The European Union's research project in cooperation with Airbus and 34 other partner companies dubbed CRYOPLANE assessed the technical feasibility, safety, environmental compatibility and economic viability of using liquid hydrogen as an aviation fuel. This was concluded in 2002 (with the final report published in 2003).
Properties of hydrogen
Being an alternative to traditional jet fuel, hydrogen has a higher energy density per unit mass but a lower energy density per unit volume, and containing the hydrogen at high pressure would require a heavy container. In aircraft heavy containers are not an option, and therefore regular carbon fibre tanks are often used, which can only sustain a pressure of about 350 bar. This is significantly lower compared to steel hydrogen containers (used in cars and ships) which can sustain 500 to 700 bar. This limitation decreases the amount of energy that can be spent on the propulsion by about half. Alternatively, as with some rockets, cryogenic liquid hydrogen could be employed.
If hydrogen were available in quantity from renewable energy sources, its use in aircraft would produce fewer greenhouse gases (water vapor and a small amount of nitrogen) than current aircraft. Currently, however, very little hydrogen is produced using renewable energy sources, and there are several serious obstacles to the use of hydrogen in aircraft and other vehicles. Due to the way it is produced, and the relative inefficiencies of its production given current technology, hydrogen is a much more expensive fuel than fossil fuels.
Liquid hydrogen is one of the best coolants used in engineering, and it has been proposed to use this property for cooling intake air for very high speed aircraft, or even for cooling the vehicle's skin itself particularly for scramjet-powered aircraft.
Properties of hydrogen aircraft
Liquid hydrogen has about four times the volume for the same amount of energy of kerosene based jet-fuel. In addition, its highly volatile nature precludes storing the fuel in the wings, as with conventional transport aircraft. Therefore, most liquid hydrogen aircraft designs store the fuel in the fuselage, leading to a larger fuselage length and diameter than a conventional kerosene fueled aircraft. This lowers the performance due to the extra wetted area of the fuselage. The larger fuselage size causes more skin friction drag and wave drag. On the other hand, hydrogen is about one-third of the weight of kerosene jet-fuel for the same amount of energy. This means that for the same range and performance (ignoring the effect of volume), the hydrogen aircraft would have about one-third of the fuel weight. For a Boeing 747-400 type aircraft, this would reduce the Takeoff Gross Weight from 800,000 lb (360,000 kg) to approximately 600,000 lb (270,000 kg). Thus, the performance of a hydrogen-fueled aircraft is a trade-off of the larger wetted area and lower fuel weight. This trade-off depends essentially on the size of the aircraft.

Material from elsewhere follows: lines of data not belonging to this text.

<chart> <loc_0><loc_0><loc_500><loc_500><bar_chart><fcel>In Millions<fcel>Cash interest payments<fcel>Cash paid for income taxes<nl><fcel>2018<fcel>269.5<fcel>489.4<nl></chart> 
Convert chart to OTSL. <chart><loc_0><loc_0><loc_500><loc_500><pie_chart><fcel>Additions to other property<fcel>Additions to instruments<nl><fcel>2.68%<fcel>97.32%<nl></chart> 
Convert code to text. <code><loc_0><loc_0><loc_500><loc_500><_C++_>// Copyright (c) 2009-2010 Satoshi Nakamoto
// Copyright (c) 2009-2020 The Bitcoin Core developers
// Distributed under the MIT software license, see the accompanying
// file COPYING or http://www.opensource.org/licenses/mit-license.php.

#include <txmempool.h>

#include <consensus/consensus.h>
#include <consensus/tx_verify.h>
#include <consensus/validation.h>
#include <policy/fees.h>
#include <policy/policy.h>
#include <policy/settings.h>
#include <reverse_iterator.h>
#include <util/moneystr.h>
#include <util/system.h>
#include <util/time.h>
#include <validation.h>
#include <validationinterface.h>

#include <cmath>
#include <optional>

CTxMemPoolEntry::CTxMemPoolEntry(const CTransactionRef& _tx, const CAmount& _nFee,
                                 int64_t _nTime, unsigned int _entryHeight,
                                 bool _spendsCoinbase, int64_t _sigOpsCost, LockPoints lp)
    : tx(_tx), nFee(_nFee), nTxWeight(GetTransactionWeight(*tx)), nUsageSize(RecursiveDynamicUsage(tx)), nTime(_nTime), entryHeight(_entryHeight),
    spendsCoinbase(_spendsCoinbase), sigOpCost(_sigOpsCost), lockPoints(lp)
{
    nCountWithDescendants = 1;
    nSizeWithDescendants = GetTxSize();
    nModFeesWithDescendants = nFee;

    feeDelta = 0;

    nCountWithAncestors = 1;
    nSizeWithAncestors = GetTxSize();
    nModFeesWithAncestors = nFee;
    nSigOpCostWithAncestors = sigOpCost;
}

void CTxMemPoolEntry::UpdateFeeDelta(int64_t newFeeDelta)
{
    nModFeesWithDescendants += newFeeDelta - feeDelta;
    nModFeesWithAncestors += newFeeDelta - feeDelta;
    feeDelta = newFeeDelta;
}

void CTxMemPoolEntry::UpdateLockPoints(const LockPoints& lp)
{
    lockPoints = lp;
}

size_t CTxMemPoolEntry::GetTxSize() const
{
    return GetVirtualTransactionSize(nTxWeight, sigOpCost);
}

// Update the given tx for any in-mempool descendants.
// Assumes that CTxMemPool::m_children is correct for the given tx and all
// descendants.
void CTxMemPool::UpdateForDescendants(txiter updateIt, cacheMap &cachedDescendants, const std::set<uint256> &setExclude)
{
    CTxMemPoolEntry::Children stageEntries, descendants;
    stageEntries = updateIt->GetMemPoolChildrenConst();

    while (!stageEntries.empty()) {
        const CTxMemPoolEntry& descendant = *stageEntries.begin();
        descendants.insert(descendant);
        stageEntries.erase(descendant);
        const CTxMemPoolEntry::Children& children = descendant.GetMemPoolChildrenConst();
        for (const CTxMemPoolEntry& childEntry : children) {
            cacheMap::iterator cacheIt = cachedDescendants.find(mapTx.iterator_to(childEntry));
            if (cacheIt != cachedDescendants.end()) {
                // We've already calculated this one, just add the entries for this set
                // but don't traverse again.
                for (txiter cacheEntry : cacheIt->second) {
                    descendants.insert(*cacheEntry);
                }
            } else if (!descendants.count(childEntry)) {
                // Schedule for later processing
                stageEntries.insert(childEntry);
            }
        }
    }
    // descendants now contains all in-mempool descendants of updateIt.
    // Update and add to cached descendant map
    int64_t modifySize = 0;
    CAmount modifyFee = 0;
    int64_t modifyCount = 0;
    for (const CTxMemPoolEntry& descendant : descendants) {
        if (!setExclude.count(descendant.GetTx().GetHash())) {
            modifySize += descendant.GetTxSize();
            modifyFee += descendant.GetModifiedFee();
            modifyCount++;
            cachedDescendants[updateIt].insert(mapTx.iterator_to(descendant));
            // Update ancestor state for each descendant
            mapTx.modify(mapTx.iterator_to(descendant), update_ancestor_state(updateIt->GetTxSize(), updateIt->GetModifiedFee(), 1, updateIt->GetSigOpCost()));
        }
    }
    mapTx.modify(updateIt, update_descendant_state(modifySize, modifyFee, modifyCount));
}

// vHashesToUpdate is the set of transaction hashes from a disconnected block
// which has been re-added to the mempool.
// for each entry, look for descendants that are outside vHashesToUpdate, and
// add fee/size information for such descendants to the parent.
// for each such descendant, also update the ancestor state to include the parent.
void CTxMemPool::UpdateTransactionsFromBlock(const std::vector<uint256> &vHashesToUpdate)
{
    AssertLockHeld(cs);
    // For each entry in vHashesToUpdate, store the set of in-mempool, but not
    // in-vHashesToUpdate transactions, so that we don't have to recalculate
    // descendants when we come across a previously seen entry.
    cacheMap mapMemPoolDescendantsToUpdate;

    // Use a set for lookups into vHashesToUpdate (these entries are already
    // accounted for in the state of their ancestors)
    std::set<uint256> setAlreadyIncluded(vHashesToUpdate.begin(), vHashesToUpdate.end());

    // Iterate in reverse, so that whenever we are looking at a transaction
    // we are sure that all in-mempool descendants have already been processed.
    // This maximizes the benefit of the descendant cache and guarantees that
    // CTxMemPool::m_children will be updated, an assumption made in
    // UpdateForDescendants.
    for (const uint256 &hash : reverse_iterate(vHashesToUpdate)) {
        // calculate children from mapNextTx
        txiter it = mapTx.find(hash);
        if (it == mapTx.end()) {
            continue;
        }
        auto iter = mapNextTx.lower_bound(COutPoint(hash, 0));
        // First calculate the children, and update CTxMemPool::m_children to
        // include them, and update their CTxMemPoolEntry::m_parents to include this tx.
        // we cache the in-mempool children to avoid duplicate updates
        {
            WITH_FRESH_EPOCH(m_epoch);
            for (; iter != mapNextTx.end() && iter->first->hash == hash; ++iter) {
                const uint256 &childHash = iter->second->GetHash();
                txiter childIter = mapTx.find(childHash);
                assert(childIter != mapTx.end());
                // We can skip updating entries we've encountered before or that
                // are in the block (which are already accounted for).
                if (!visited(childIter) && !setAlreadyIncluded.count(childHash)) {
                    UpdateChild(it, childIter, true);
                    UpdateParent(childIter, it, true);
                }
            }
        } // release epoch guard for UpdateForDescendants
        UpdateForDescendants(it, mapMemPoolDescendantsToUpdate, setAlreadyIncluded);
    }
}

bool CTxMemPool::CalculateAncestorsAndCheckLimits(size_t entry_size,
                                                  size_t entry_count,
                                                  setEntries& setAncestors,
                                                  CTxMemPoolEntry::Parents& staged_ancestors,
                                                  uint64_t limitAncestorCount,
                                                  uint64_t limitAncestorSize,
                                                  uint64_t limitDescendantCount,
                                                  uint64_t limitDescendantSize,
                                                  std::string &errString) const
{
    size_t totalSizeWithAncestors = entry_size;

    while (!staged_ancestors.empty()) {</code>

The Russian manufacturer Tupolev built a prototype hydrogen-powered version of the Tu-154 airliner, named the Tu-155, which made its first flight in 1989. This was the first experimental aircraft in the world operating on liquid hydrogen.
Boeing Research & Technology Europe (BR&TE) made a civilian aircraft from a 2-seat Diamond Aircraft Industries DA20 motor glider running on a fuel cell (called Theator Airplane)". Lange Aviation GmbH also made a hydrogen-powered airplane with its Antares DLR-H2 airplane. These aircraft are of course configured in such fashion that the current low energy output from hydrogen propulsion (a result of the low-pressure hydrogen tanks) do not pose a problem. For example the Boeing Theator airplane only required 45 kW to take off, and 20 kW to stay airborne. In July 2010 Boeing also unveiled its hydrogen powered Phantom Eye UAV, that uses two Ford Motor Company internal combustion engines converted to operate on hydrogen.
Proposed hydrogen aircraft
- Lockheed CL-400 Suntan 1950's concept liquid hydrogen aircraft that was dropped in favour of the SR-71
- Liquid hydrogen was proposed for use on the scramjet-based National Aerospace Plane.
- AeroVironment Global Observer
- Reaction Engines Skylon orbital hydrogen fuelled jet plane
- Reaction Engines A2 antipodal hypersonic jet airliner
- DLR Smartfish
- Airbus plans to build a hydrogen-powered jet 
- Boeing Phantom Eye
- David Robertson (2008-04-03). "Boeing tests first hydrogen powered plane". London: The Times.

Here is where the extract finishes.